I would like the dietician to speak to parents in private first and work with them. Tell child they need x, y and z in their diet if requested by parents. Also help debunk some of the healthy eating stuff they are learning at school - go into schools pls x
I think every clinician should read this book
Food is the medicine. Recovery is possible.
I think that all young, hopeful, people who wish to help with eating disorders should at least read everything and all the links on this forum, to become well informed on how debilitating this illness is to the child involved and their family. It is a hateful illness that should never afflict any child and their family. But it does and there is little help out there for us in the midst of it.
Except for this forum, which is a lifesaver, emotionally and sanity wise.
Thankyou everyone for all your really useful comments and suggestions. Please keep them coming! Zoe
I have only just started this horrible journey with my son but in the short time I've been on this forum I have learned a LOT. I have read and read and read and read. And what I want a dietician to do is this.........

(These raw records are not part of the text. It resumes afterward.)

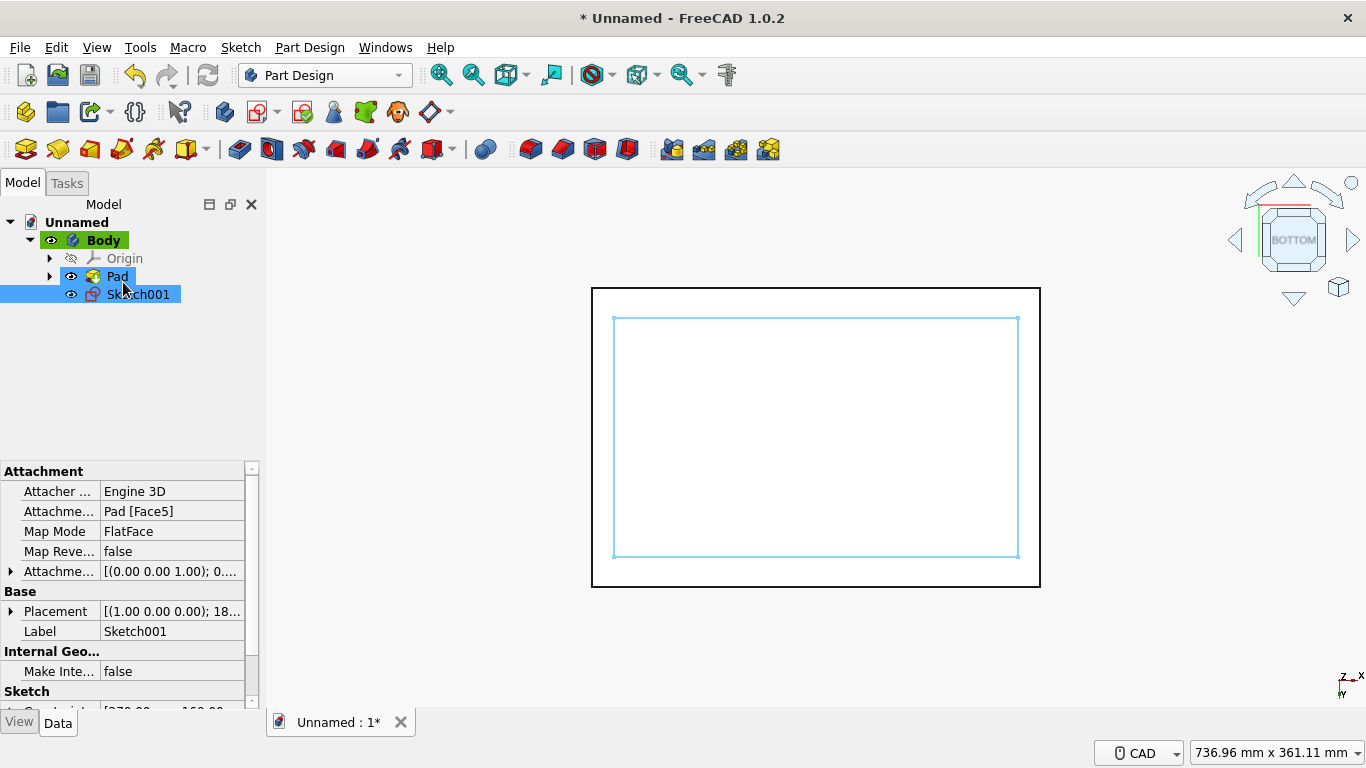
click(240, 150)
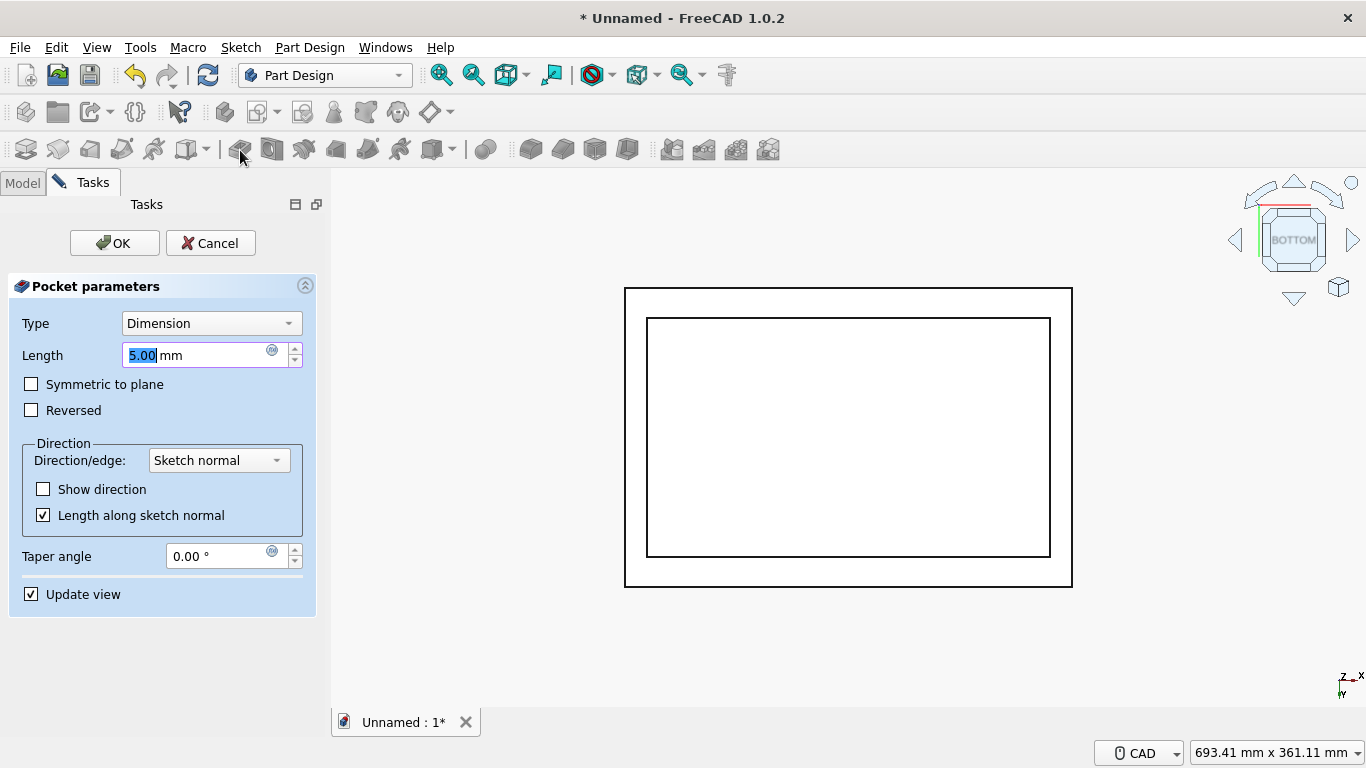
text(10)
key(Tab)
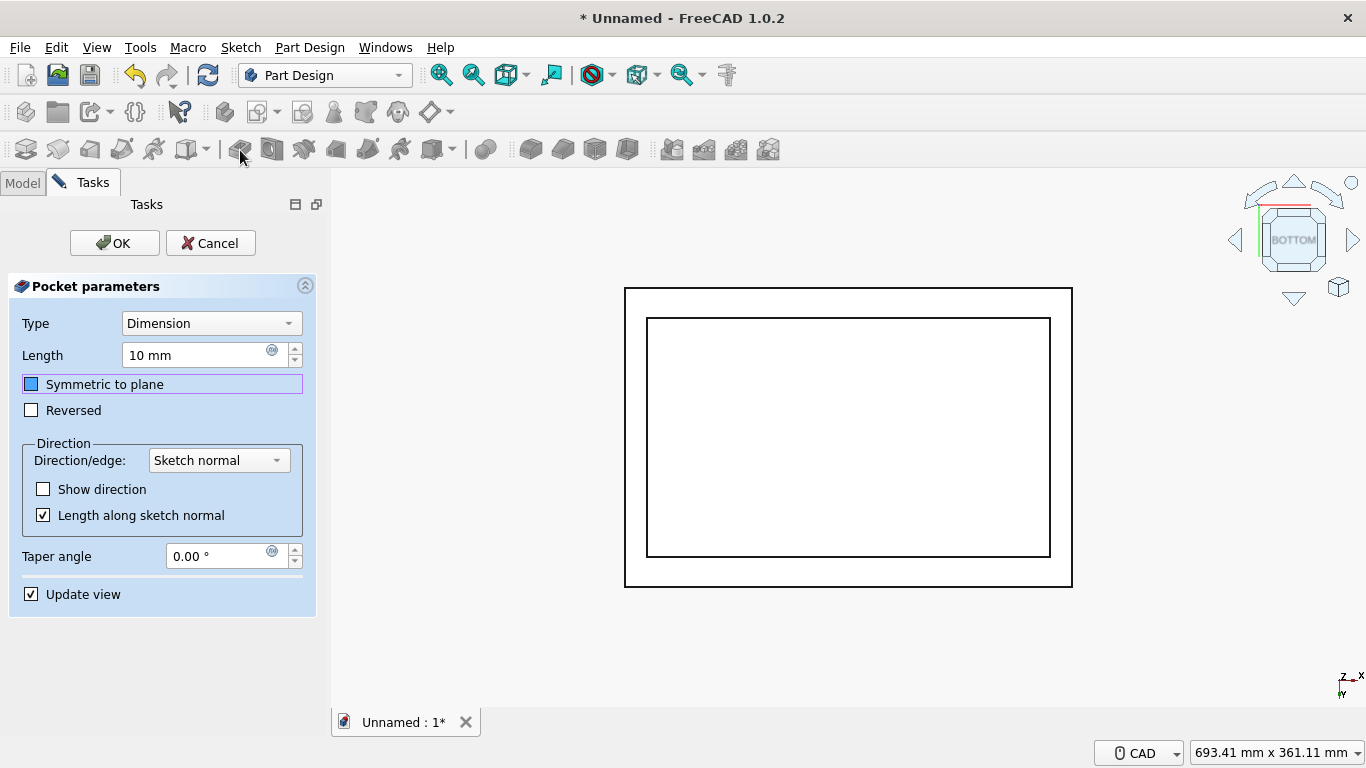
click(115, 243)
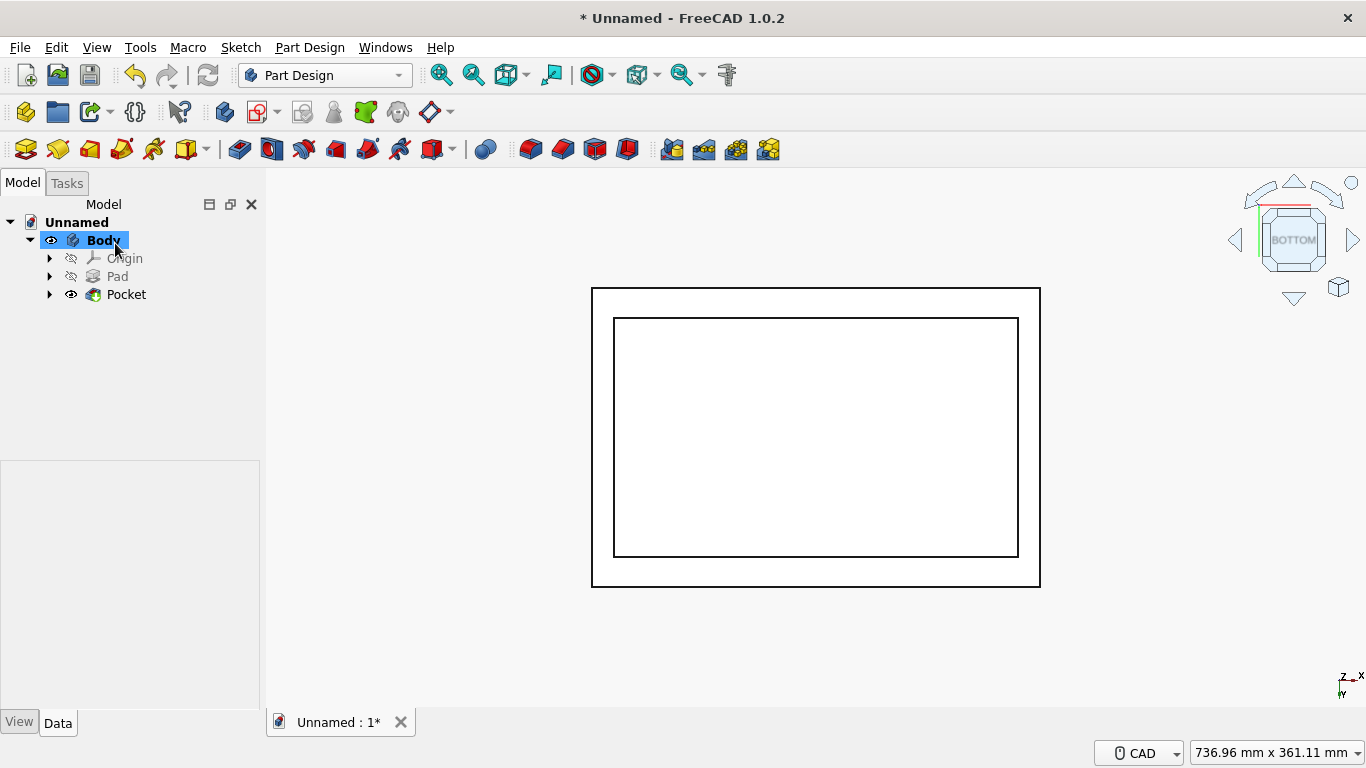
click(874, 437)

Understand causes are multimodal and there is a biological connection. I want you to tell me it isnt my fault, it isnt my husbands fault, it isnt even really my son's fault. It's a disease, with signs and symptoms, that can be, at a fundamental level, fixed with medicine. Food is that medicine.

A starved brain is not a rational, logical or emotionally controlled brain. You cannot talk to someone with a starved brain in the same way you can talk to someone else.

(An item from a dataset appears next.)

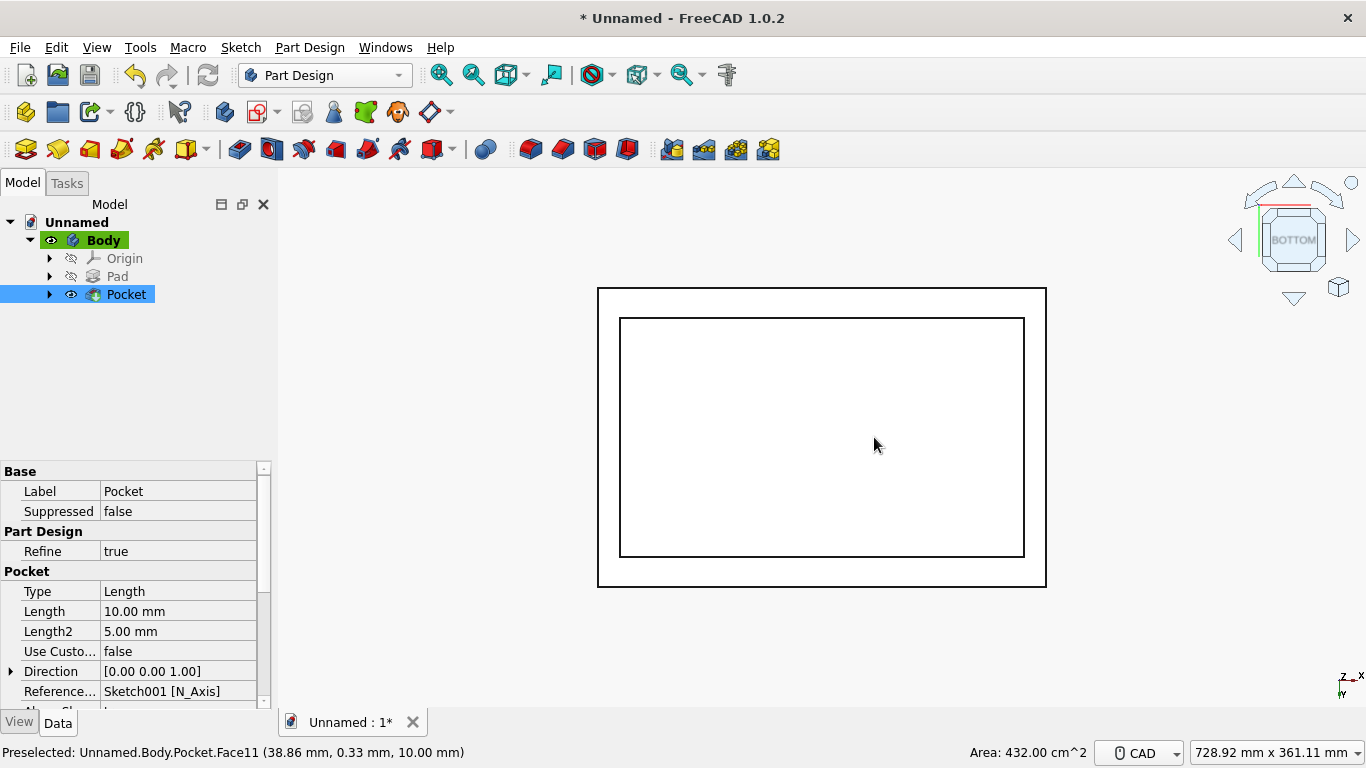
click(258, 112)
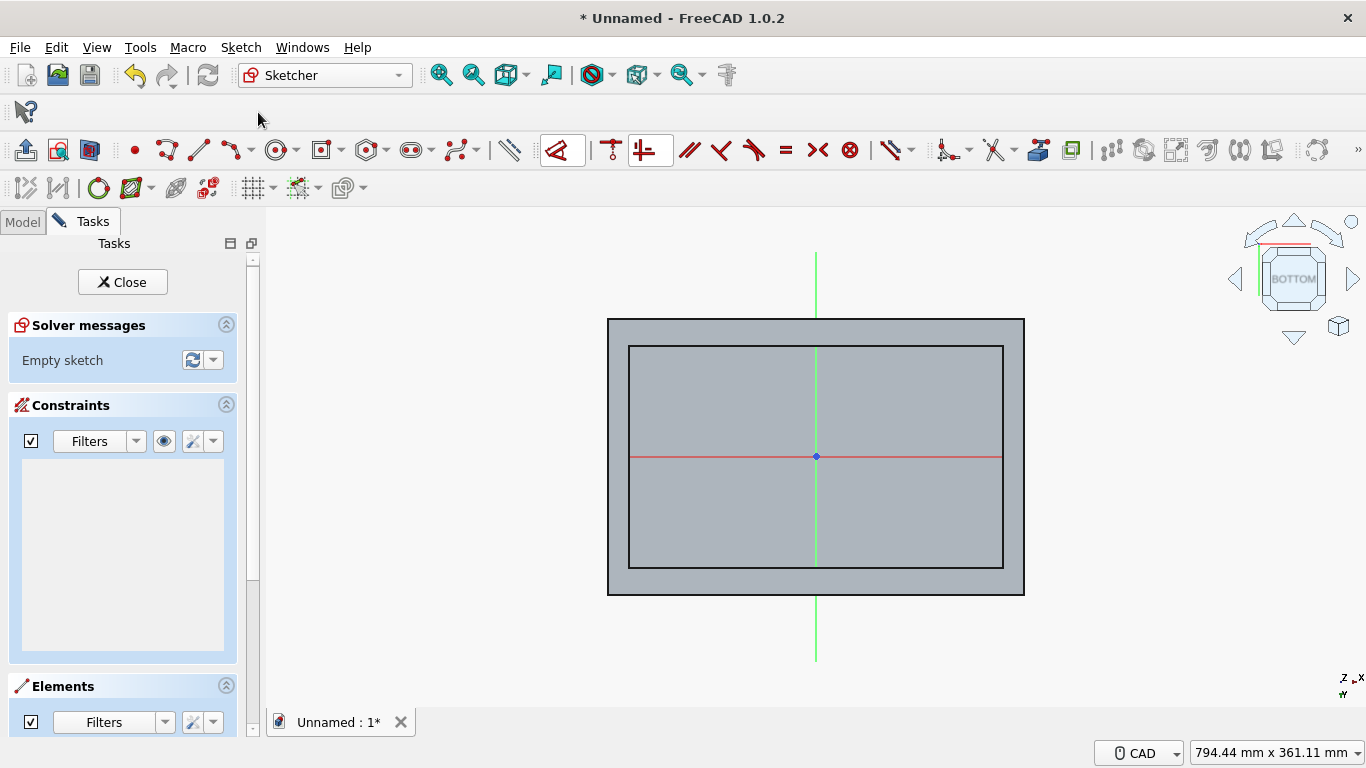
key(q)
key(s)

Empower the parents to take control of everything food related and empower them to be a part of the treatment team, but dont forget they need support too. To empower them to do those things you need to offer education and resources in the form of nutrition advice for rapid weight gain - give advice for boosting calories in meals,calorie dense meals/recipes, particular brands that are more calorific, information on why fat is needed for a starved brain/organs, why calcium is needed, why protein etc etc so I can use that information myself, so I can be an extension of you at home.

I want you to give me a booklet full of high calorie breakfast, lunch, dinner and snack ideas/recipes that is applicable and relevant to my son's case, with foods and ingredients I can easily buy in the local supermarket and won't have me spending hours and hours in the kitchen. I also want this booklet to contain ideas for substitutes if my son doesn't or cant eat a particular food.

I want you to tell me to get rid of all diet foods in the house, to keep my son out of the kitchen, to take away any choices regarding food from him because his starved brain cannot make those choices. I want you to tell him that his parents are in charge and theyre only going to feed him food that is safe to eat, to help his body recover.  I want you to not talk about targets or limits or numbers with him, only to me and my husband.

I want you to tell me and show me how to coach my child to eat what I put in front of him. I want you to tell me how to tackle the huge list of fear foods he has. I want concrete and proven techniques to try and I want to know when to start doing this.

I want you to make this as easy as you can for us.
"I want you to give me a booklet full of high calorie breakfast, lunch, dinner and snack ideas/recipes that is applicable and relevant to my son's case, with foods and ingredients I can easily buy in the local supermarket and won't have me spending hours and hours in the kitchen. I also want this booklet to contain ideas for substitutes if my son doesn't or cant eat a particular food."
YES! I would have wanted such a booklet, too! Great idea, KLB.
Keep feeding. There is light at the end of the tunnel.

What a great post!



This is so eloquent and so true!


When within yourself you find the road, the right road will open.  (Dejan Stojanovic)

Food+more food+time+love+good professional help+ATDT+no exercise+ state not just weight+/- the "right" medicine= healing---> recovery(--->life without ED)
1/You can have a serious life-threatening Eating Disorder at any weight.
You can for example have anorexia at a bmi of 30, although the term used is A-Typical Anorexia.
2/ Recovery is a state not a weight. Expecting somebody to be in recovery at target weight of BMI 19 is like expecting everybody to be the same shoe size.
3/ Brain healing takes a long time. A very well respected ED expert in the use advises approx 4000 calories for 4 years.
4/By allowing the patient to take charge and refuse food groups and working around the patients fear without insisting on exposure by eating the specific food is colluding with the illness.
5/ Expect the patient not to like you. If Patient  does not like you, you are probably doing a good job "poking the beast" and standing up to the anorexia.
6/Use a lot of caution Allowing Sport and exercise , it can often be part of the illness, and keep the sufferer sick.
7/ Some patients become hypermetabolic and need 10,000 calories per day to re-feed.
8/Patients can "waterload" and hide weights in their clothes before weighing.
9/Child is not allowed to  go food shopping or cook or be in the kitchen while food is being prepared.
Here are some tips -

A.Parent/carer prepares meals - no negotiation

B. Toilet before meal and no toilet for at least an hour afterwards.No Flushing.
C.No Napkins or clothing with pockets where food can be hidden.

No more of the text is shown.